# [TASK ITEM]
Once you find the line containing "3. sneaker [527,397,651,517]" in the data below, copy it and each following line exactly, up to and including the line containing "20. scissors [824,368,827,371]", and nothing else.

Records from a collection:
◆ ◆ ◆ ◆ ◆ ◆ ◆

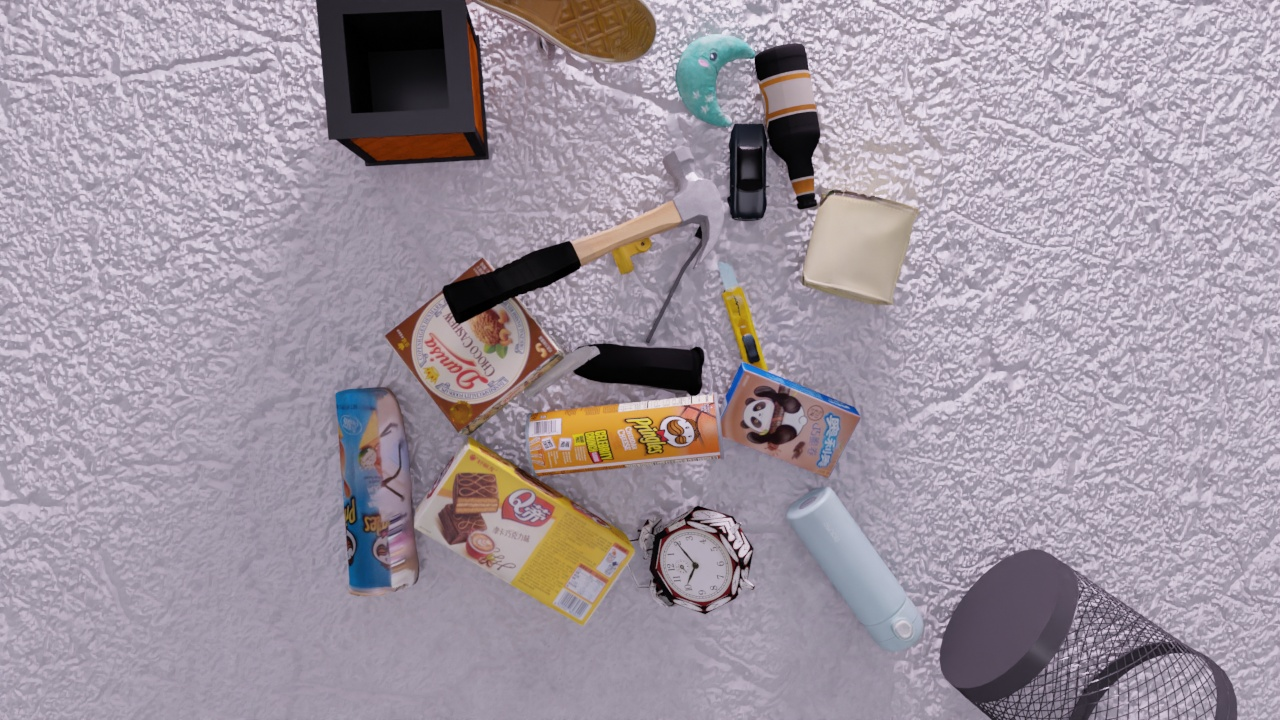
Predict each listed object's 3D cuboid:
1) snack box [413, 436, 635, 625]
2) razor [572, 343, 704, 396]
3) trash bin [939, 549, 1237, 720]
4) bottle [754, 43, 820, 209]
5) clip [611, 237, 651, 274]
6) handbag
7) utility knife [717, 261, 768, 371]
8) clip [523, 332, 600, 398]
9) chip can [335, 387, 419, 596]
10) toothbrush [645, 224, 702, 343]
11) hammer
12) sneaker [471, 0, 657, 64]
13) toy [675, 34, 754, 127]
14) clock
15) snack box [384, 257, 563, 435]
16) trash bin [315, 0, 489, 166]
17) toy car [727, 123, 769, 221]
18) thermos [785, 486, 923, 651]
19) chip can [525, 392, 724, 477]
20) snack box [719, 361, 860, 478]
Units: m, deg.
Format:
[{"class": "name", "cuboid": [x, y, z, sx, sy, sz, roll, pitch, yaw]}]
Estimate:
[{"class": "snack box", "cuboid": [-0.130, 0.193, 1.044, 0.230, 0.061, 0.110, 34, 91, -14]}, {"class": "razor", "cuboid": [-0.006, 0.006, 1.061, 0.156, 0.060, 0.057, 5, 88, -1]}, {"class": "trash bin", "cuboid": [0.497, 0.361, 1.052, 0.227, 0.218, 0.218, 37, 90, -2]}, {"class": "bottle", "cuboid": [0.176, -0.265, 1.055, 0.059, 0.059, 0.181, -12, 95, -4]}, {"class": "clip", "cuboid": [-0.014, -0.130, 1.071, 0.048, 0.045, 0.054, -27, 96, -46]}, {"class": "handbag", "cuboid": [0.252, -0.132, 1.064, 0.111, 0.081, 0.119, 15, 94, 2]}, {"class": "utility knife", "cuboid": [0.123, -0.032, 1.091, 0.030, 0.017, 0.179, -19, 92, -11]}, {"class": "clip", "cuboid": [-0.098, -0.004, 1.065, 0.102, 0.050, 0.058, -33, 68, 18]}, {"class": "chip can", "cuboid": [-0.298, 0.146, 1.038, 0.080, 0.080, 0.229, -3, 94, -5]}, {"class": "toothbrush", "cuboid": [0.046, -0.095, 1.080, 0.013, 0.013, 0.167, 26, 91, 2]}, {"class": "hammer", "cuboid": [-0.059, -0.123, 1.019, 0.327, 0.039, 0.131, -24, 87, -13]}, {"class": "sneaker", "cuboid": [-0.098, -0.394, 1.012, 0.240, 0.088, 0.118, 13, 105, -29]}, {"class": "toy", "cuboid": [0.083, -0.330, 1.059, 0.085, 0.033, 0.105, 20, 91, -16]}, {"class": "clock", "cuboid": [0.056, 0.232, 1.077, 0.155, 0.065, 0.114, -10, 96, 25]}, {"class": "snack box", "cuboid": [-0.186, -0.015, 1.033, 0.147, 0.041, 0.143, -39, 79, -1]}, {"class": "trash bin", "cuboid": [-0.241, -0.291, 0.962, 0.139, 0.172, 0.140, -4, 94, -5]}, {"class": "toy car", "cuboid": [0.125, -0.219, 1.067, 0.046, 0.034, 0.112, -1, 94, -5]}, {"class": "thermos", "cuboid": [0.257, 0.250, 1.090, 0.065, 0.078, 0.207, -36, 94, -6]}, {"class": "chip can", "cuboid": [-0.016, 0.085, 1.037, 0.215, 0.075, 0.075, -6, 94, 6]}, {"class": "snack box", "cuboid": [0.171, 0.070, 1.081, 0.151, 0.034, 0.087, 22, 107, -6]}]
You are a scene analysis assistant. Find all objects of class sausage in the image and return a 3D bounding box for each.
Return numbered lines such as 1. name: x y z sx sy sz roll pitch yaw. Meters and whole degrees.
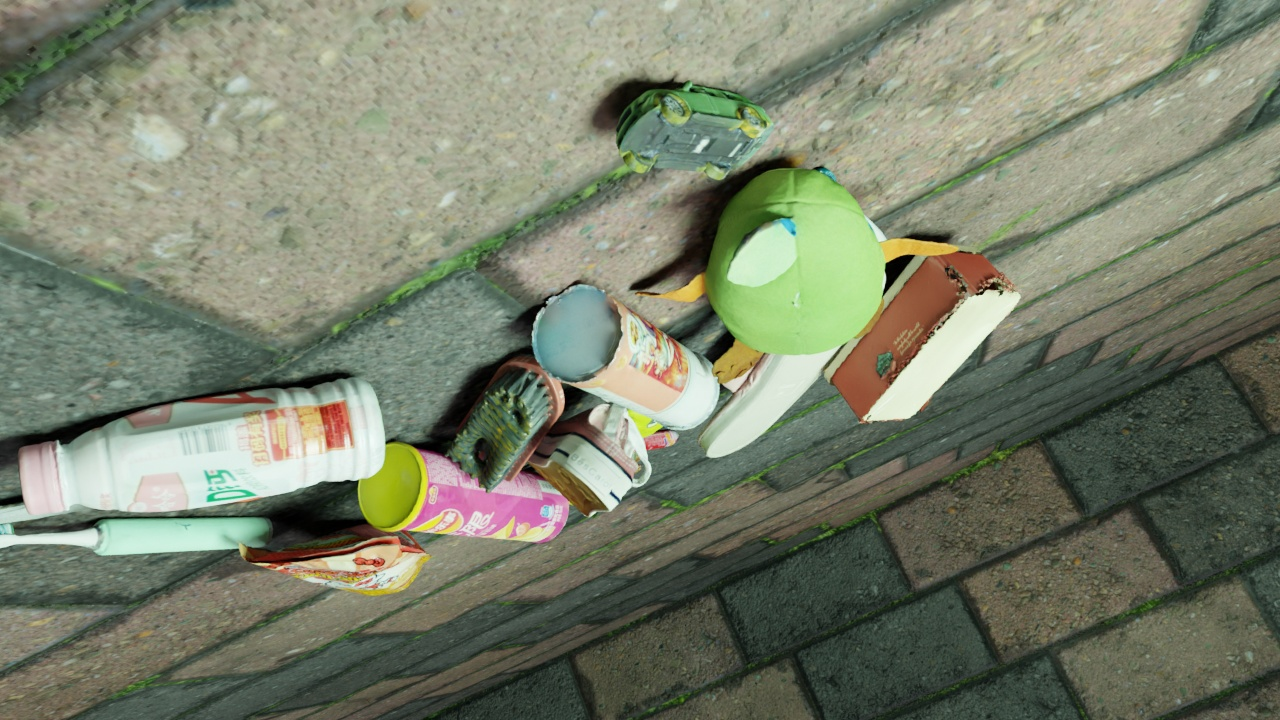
1. sausage: -0.009 0.089 0.985 0.155 0.020 0.020 -1 150 -47

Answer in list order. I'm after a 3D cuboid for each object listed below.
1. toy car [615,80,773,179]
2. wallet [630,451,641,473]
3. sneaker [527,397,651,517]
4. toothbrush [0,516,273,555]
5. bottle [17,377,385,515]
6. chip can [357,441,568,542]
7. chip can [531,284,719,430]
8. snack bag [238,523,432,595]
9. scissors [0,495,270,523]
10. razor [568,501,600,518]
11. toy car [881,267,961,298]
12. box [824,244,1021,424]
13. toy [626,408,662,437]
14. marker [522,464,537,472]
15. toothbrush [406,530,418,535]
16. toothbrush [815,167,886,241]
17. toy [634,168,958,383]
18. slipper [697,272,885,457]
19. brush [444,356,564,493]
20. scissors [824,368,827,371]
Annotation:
1. toy car: 0.027 -0.121 0.477 0.091 0.036 0.043 -8 156 -40
2. wallet: -0.066 0.131 1.008 0.130 0.035 0.119 -3 152 -47
3. sneaker: -0.042 0.074 0.782 0.087 0.118 0.241 -48 -174 -15
4. toothbrush: -0.372 0.130 0.682 0.026 0.027 0.224 -36 157 19
5. bottle: -0.262 0.056 0.563 0.196 0.068 0.068 -9 155 -28
6. chip can: -0.149 0.123 0.817 0.071 0.071 0.210 -31 154 19
7. chip can: -0.004 0.004 0.707 0.071 0.071 0.214 -29 159 14
8. snack bag: -0.253 0.172 0.810 0.128 0.073 0.208 0 167 -1
9. scissors: -0.351 0.100 0.636 0.234 0.021 0.137 -16 159 -20
10. razor: -0.113 0.172 1.069 0.132 0.043 0.028 -7 138 -26
11. toy car: 0.254 -0.047 0.912 0.070 0.042 0.159 -8 157 -36
12. box: 0.254 -0.015 0.817 0.091 0.079 0.169 -2 137 -37
13. toy: -0.020 0.063 0.895 0.100 0.031 0.097 -9 155 -23
14. marker: -0.162 0.141 0.953 0.131 0.022 0.018 -25 149 9
15. toothbrush: -0.181 0.135 0.921 0.181 0.015 0.018 -35 151 26
16. toothbrush: 0.163 -0.106 0.690 0.016 0.018 0.191 -31 158 20
17. toy: 0.110 -0.057 0.655 0.227 0.090 0.247 -12 157 6
18. slipper: 0.127 -0.005 0.848 0.114 0.054 0.275 -13 148 -37
19. brush: -0.099 0.041 0.723 0.069 0.063 0.146 -47 178 -42
20. scissors: 0.200 -0.001 0.954 0.125 0.017 0.133 -4 171 15
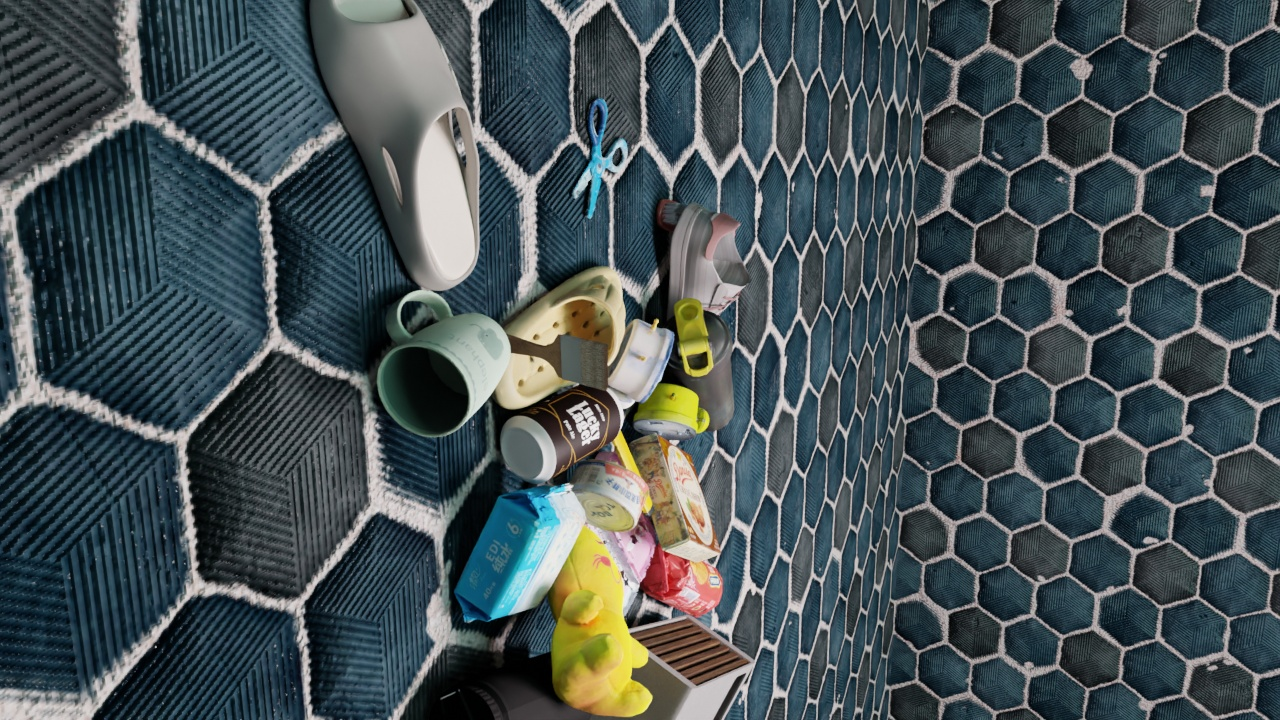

◆ ◆ ◆ ◆ ◆ ◆ ◆

# [SOLVED PROBLEM]
3. sneaker [527,397,651,517]
4. toothbrush [0,516,273,555]
5. bottle [17,377,385,515]
6. chip can [357,441,568,542]
7. chip can [531,284,719,430]
8. snack bag [238,523,432,595]
9. scissors [0,495,270,523]
10. razor [568,501,600,518]
11. toy car [881,267,961,298]
12. box [824,244,1021,424]
13. toy [626,408,662,437]
14. marker [522,464,537,472]
15. toothbrush [406,530,418,535]
16. toothbrush [815,167,886,241]
17. toy [634,168,958,383]
18. slipper [697,272,885,457]
19. brush [444,356,564,493]
20. scissors [824,368,827,371]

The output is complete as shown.